Autoantibodies in acquired myasthenia gravis: Clinical phenotype and immunological correlation

Background Data on antibody profile in myasthenia gravis (MG) from India are limited. Objectives To investigate antibody profile in patients with MG and their clinical correlates. Patients and Methods Patients of MG (n = 85, M:F::1.1:1, mean age: 39.29 ± 17.3 years, mean symptom duration: 72.94 ± 91.8 months) were evaluated for clinical features, MG foundation of America (MGFA) score, response to treatment, and outcome at last follow‐up.
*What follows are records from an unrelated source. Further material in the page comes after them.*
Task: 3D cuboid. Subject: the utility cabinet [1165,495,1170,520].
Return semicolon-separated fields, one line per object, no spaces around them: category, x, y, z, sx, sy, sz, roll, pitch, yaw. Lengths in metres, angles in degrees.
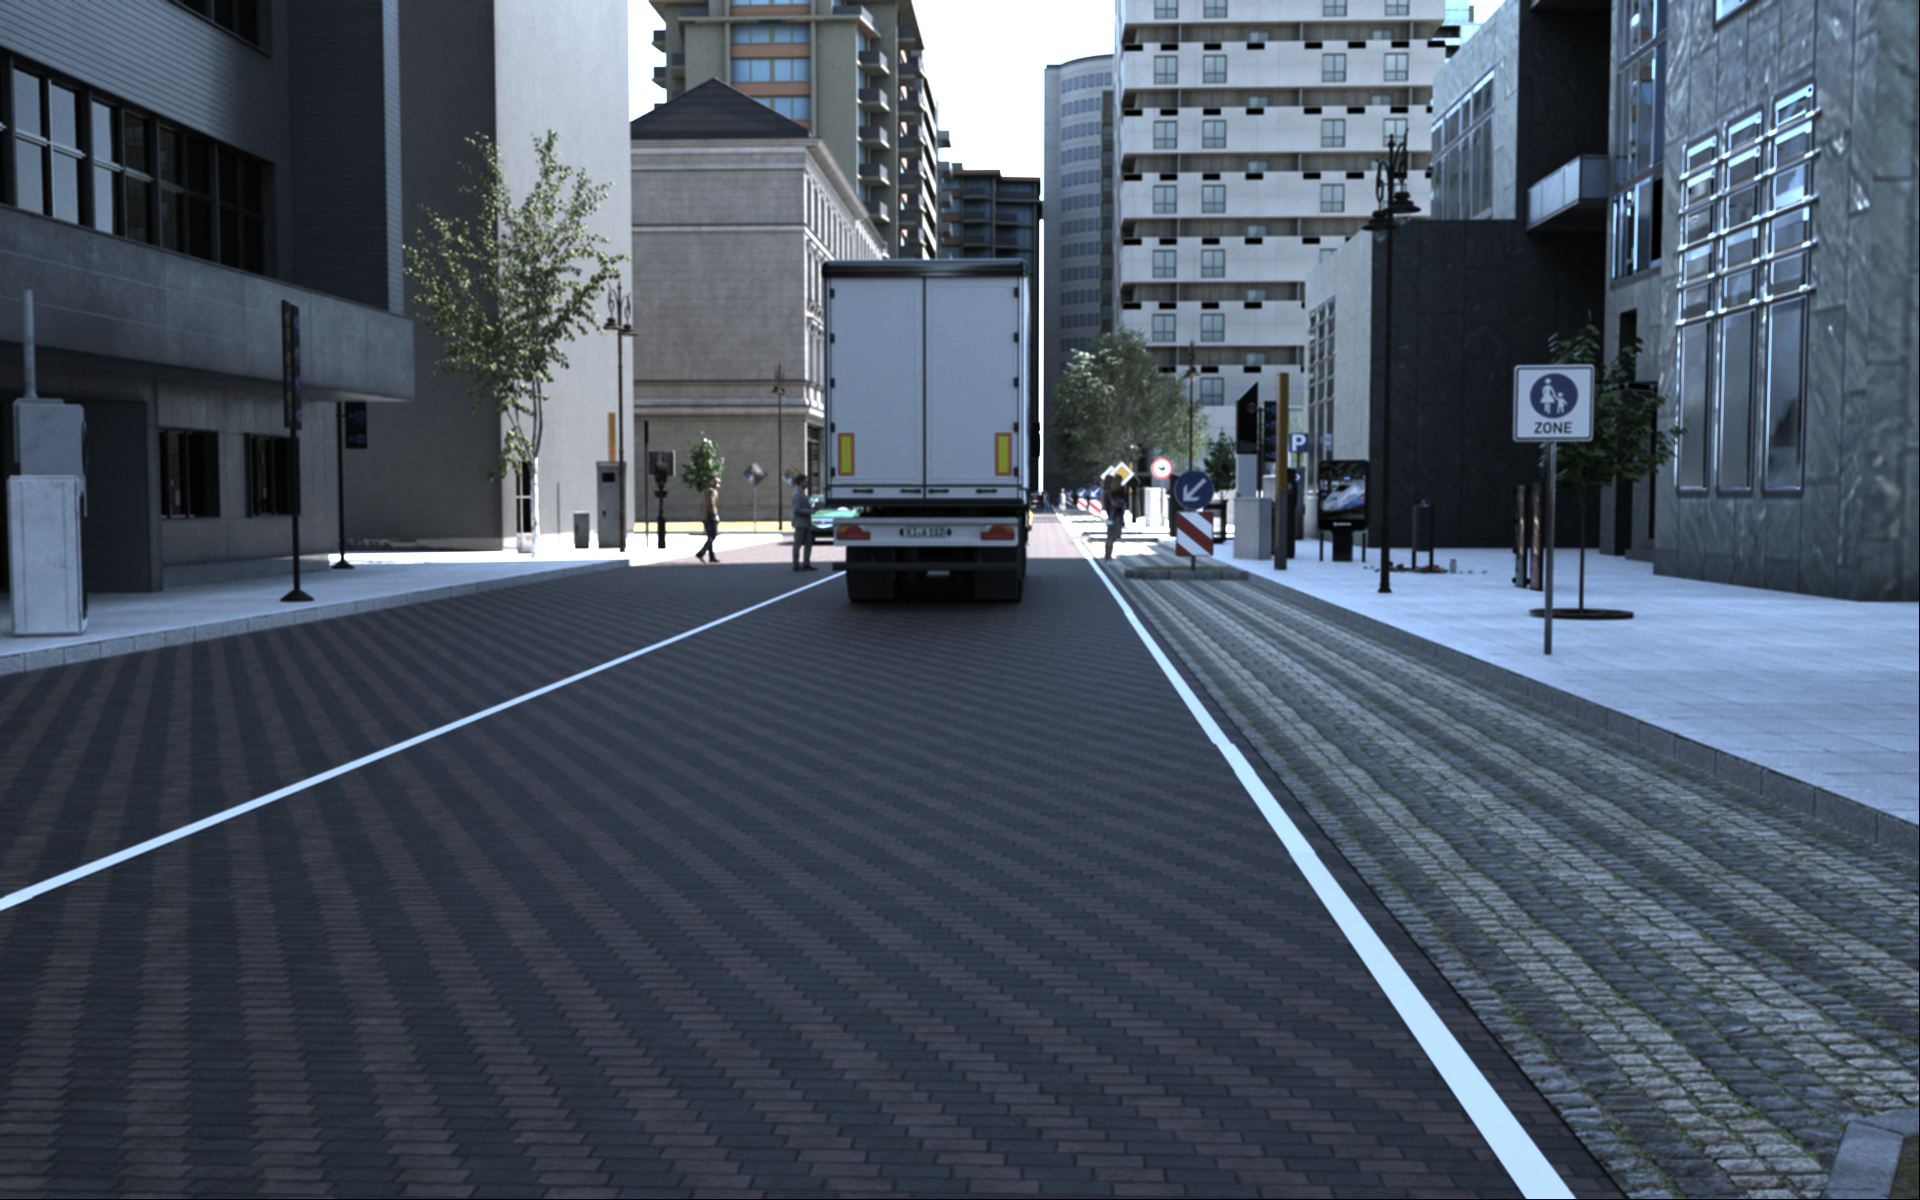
utility cabinet;10.021;-4.513;84.947;1.020;1.237;0.306;-1;4;-21

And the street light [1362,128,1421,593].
street light;5.537;-3.034;22.400;0.468;5.910;1.993;0;4;3

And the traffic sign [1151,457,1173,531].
traffic sign;6.966;-3.649;59.769;0.768;2.556;0.104;0;4;5

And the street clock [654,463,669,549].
street clock;-6.948;-2.184;40.283;0.358;2.002;0.471;-1;4;-18

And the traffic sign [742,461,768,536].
traffic sign;-6.281;-3.022;53.048;0.795;2.450;0.064;0;4;3

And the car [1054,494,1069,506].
car;11.921;-11.679;202.950;2.014;1.417;4.499;0;4;3

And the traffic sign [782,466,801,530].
traffic sign;-5.899;-3.510;61.024;0.795;2.450;0.064;0;4;3

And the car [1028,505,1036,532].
car;1.889;-3.460;66.791;2.015;1.641;3.980;0;4;4

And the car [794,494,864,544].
car;-3.763;-2.383;50.756;2.131;1.459;4.920;0;4;2

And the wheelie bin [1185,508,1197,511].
wheelie bin;17.874;-7.752;134.659;0.693;1.594;0.980;-2;4;-29

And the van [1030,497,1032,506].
van;4.936;-8.283;142.441;2.013;2.044;4.112;0;4;4

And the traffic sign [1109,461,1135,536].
traffic sign;4.899;-2.988;52.494;0.795;2.450;0.064;0;4;3

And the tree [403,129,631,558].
tree;-8.729;-5.134;34.307;4.737;8.622;4.395;0;3;0

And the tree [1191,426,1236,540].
tree;7.308;-3.332;49.078;1.663;3.219;1.824;0;3;0

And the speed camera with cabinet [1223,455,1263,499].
speed camera with cabinet;12.890;-5.113;77.929;2.038;3.252;0.660;2;4;35

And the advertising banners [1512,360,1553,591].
advertising banners;7.676;-1.640;23.001;0.090;3.025;2.074;0;4;3

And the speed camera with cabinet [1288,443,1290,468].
speed camera with cabinet;13.246;-4.417;66.557;0.660;3.252;2.038;-2;4;-34

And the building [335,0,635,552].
building;-21.680;-15.391;45.154;24.014;27.812;14.314;0;4;3

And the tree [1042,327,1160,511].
tree;10.769;-13.856;133.203;9.857;13.997;8.962;0;3;0

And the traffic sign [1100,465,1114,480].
traffic sign;5.282;-3.476;60.470;0.795;2.450;0.064;0;4;3

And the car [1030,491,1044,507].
car;8.636;-11.564;197.746;2.281;1.827;5.304;0;4;3

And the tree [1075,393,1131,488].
tree;10.420;-10.472;121.575;4.360;8.622;3.978;0;3;0

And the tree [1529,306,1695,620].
tree;6.424;-1.430;17.980;1.663;3.219;1.824;0;3;0

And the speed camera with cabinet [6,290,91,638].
speed camera with cabinet;-8.581;-1.345;16.325;0.660;3.252;2.038;-2;4;-24

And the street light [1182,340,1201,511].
street light;6.933;-4.845;51.995;0.468;5.910;1.993;0;4;3

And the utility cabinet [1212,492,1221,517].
utility cabinet;14.058;-5.240;94.349;1.173;1.500;0.318;1;4;18

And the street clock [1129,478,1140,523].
street clock;7.627;-4.353;75.745;0.471;2.002;0.358;2;4;34

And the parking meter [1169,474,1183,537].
parking meter;6.419;-2.785;51.254;0.399;1.863;0.255;-1;4;-12

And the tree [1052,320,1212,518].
tree;9.404;-9.663;92.403;8.767;10.594;7.601;-1;4;-21

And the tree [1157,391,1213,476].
tree;15.000;-10.183;116.855;4.737;8.622;4.395;0;3;0

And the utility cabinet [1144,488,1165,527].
utility cabinet;7.479;-3.529;66.375;0.318;1.500;1.173;2;4;34

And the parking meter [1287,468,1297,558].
parking meter;6.524;-1.769;34.642;0.399;1.863;0.255;0;4;-2

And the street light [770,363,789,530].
street light;-6.357;-5.408;61.217;0.468;5.910;1.993;0;4;3

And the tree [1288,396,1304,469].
tree;24.655;-10.552;122.888;4.737;8.622;4.395;0;3;0

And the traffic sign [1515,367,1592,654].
traffic sign;4.704;-0.713;13.794;0.606;2.300;0.079;1;4;11

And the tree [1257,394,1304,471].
tree;22.678;-10.874;128.151;4.360;8.622;3.978;0;3;0

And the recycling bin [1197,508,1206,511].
recycling bin;10.850;-4.072;79.137;0.722;1.027;0.722;0;4;6

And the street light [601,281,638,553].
street light;-7.398;-3.975;37.785;0.468;5.910;1.993;0;4;3

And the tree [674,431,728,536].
tree;-7.976;-3.576;53.062;1.663;3.219;1.824;0;3;0

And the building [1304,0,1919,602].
building;20.598;-44.056;32.991;22.319;86.520;31.000;0;4;3

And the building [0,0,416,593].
building;-16.644;-11.910;13.792;14.314;24.678;30.058;0;4;3

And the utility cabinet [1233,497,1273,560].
utility cabinet;5.775;-1.406;34.156;0.306;1.237;1.020;-1;4;-21

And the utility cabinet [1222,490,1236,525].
utility cabinet;11.209;-3.766;70.246;0.318;1.500;1.173;-2;4;-24

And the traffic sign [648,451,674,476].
traffic sign;-7.014;-2.359;40.696;0.606;2.300;0.079;0;4;4

Antibodies to acetylcholine receptor (AChR), muscle‐specific kinase (MUSK), titin and ryanodine receptor (RYR) were analysed using ELISA. Results Based on the regional distribution of weakness, the cohort could be categorized as: generalized: 60, ocular: 16 and oculo‐bulbar: 9. Sixty patients were followed up for a mean duration of 26.74 ± 13.8 months. Outcome at last follow‐up was as follows: remission—22, no remission—33 and dead—5. AChR and MUSK antibodies were detected in 58 and 8 patients, respectively. Frequency of generalized MG, worse MGFA score during the disease course and thymomatous histology significantly correlated with presence of AChR‐antibodies, though outcome at last follow‐up was comparable between AChR‐antibody positive and negative groups. Patients with MUSK antibodies had oculo‐bulbar or generalized MG and frequent respiratory crisis, but majority improved or remitted with treatment. Titin antibodies were detected in 31.8% and RYR antibodies in 32.9%. Their presence did not correlate with age at onset of MG, severity or presence of thymoma. Conclusion This report highlights the spectrum of antibodies in MG in an Indian cohort. AChR‐antibody positivity correlated with clinical severity. Outcome was good in majority of MUSK antibody–positive MG. The role of other antibodies, complementary vs epiphenomenon, remains open.